Он стоял посреди комнатушки, такой же как раньше и одновременно не такой. Лицо было будто бледнее и угрюмее. Нечёсаная борода паклей спускалась на грудь. Кепка отсутствовала, сивые грязные волосы были обкромсаны под горшок, но Юлька как не пыталась — не разглядела среди них рожек.

И одежда на нём была другая, смахивающая на застиранную рабочую робу.

— Здравствуйте, — зачем-то прошептала Юлька, и он опять усмехнулся.

Почему он молчит? Почему так странно смотрит?

При всём желании Юлька не смогла бы описать этот взгляд — ускользающий, неуловимый. Дядька смотрел прямо на Юльку, но глазами с ней не встречался!

Что-то было не так! Совсем не так!

Пауза затягивалась, и Юлька занервничала ещё сильнее.

Где-то позади закуковала кукушка, скрипнула половица, протопотали быстрые шаги.

Юлька обернулась на звук и ухватила взглядом косматый клубок, подкатившийся к углу и юркнувший под перевёрнутый веник.

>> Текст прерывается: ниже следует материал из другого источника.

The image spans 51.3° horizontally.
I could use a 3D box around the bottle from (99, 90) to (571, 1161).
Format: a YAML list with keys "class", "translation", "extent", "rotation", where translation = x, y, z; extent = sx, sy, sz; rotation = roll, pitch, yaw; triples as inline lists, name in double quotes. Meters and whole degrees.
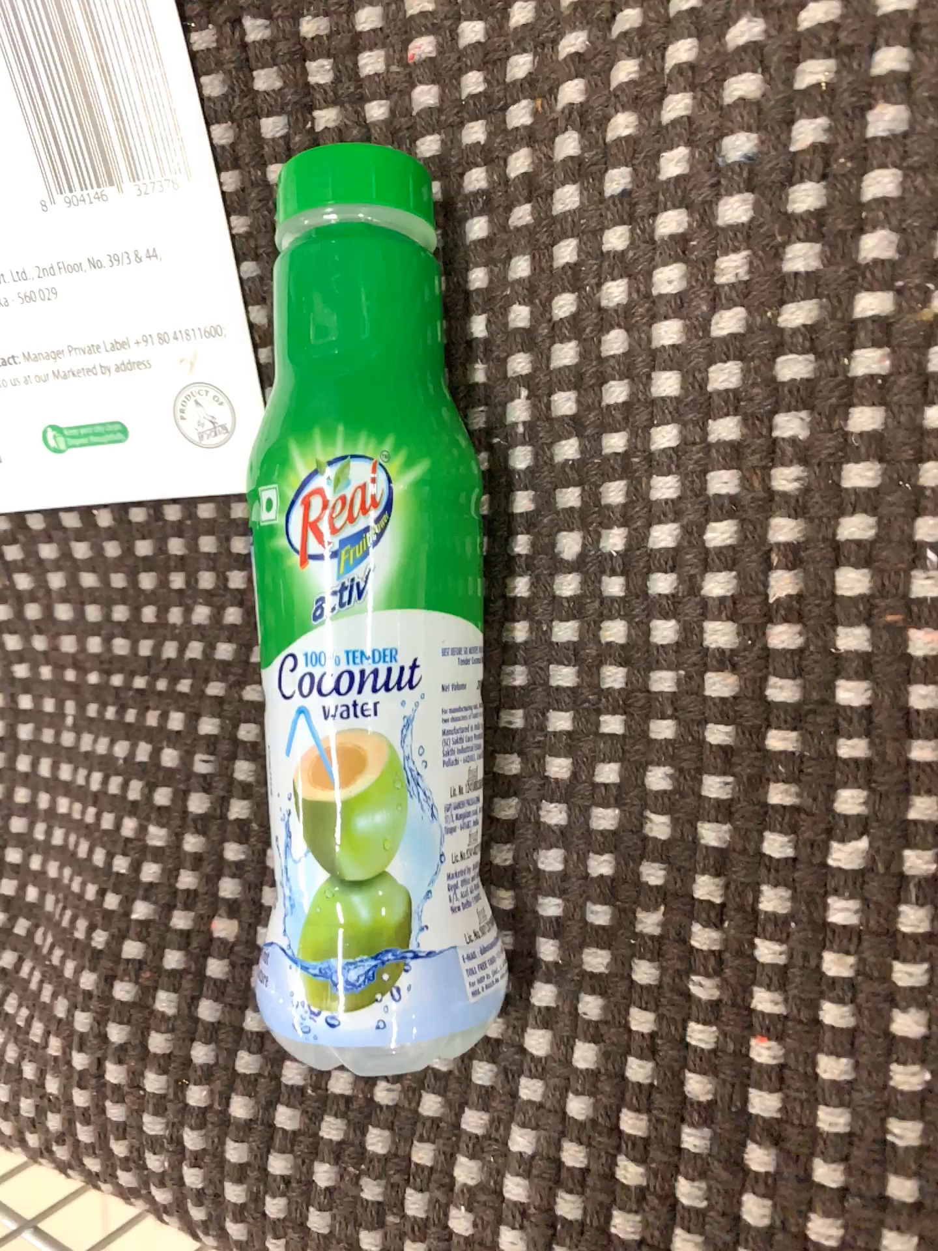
- class: "bottle"
  translation: [-0.019, 0.005, 0.181]
  extent: [0.060, 0.040, 0.170]
  rotation: [-2, 98, 16]

На пыльном полу протянулся длинный смазанный след да кое-где, редкими горошинами, будто отпечатались копытца.

Сердце шевельнулось под пятками, под волосами сделалось жарко. Захотелось сбежать. Исчезнуть! Оказаться подальше от этого места!

И в то же мгновение в ухо прошептали:

— Поклон положи! Не стой остолбенелая!

— Я… — поперхнулась Юлька от неожиданности и слегка присела в реверансе. — Я… за помощью приехала. Вы говорили, что хозяин знает.

— Правильно говорили, — голос прогудел низким колоколом. Юльке даже почудилось тихое эхо. — Сестрица на тебя маску примерила. От того теперь исчезаешь.

— Маску? — Юлька сглотнула. — К-какую маску? Я ничего не надевала!

— Не ты. Говорю же — она! Нашла и примерила. С того и пошли твои мытарства.

— Как примерила? Почему? Я ничего не помню…

Ключник — а это был он, Юлька теперь точно знала — вдруг хлопнул в ладоши и, сомкнув, выставил их перед Юлькой. По ним, как в крошечном экране, заскользили быстрые кадры. Юлька едва успевала разобрать, что ей показывают.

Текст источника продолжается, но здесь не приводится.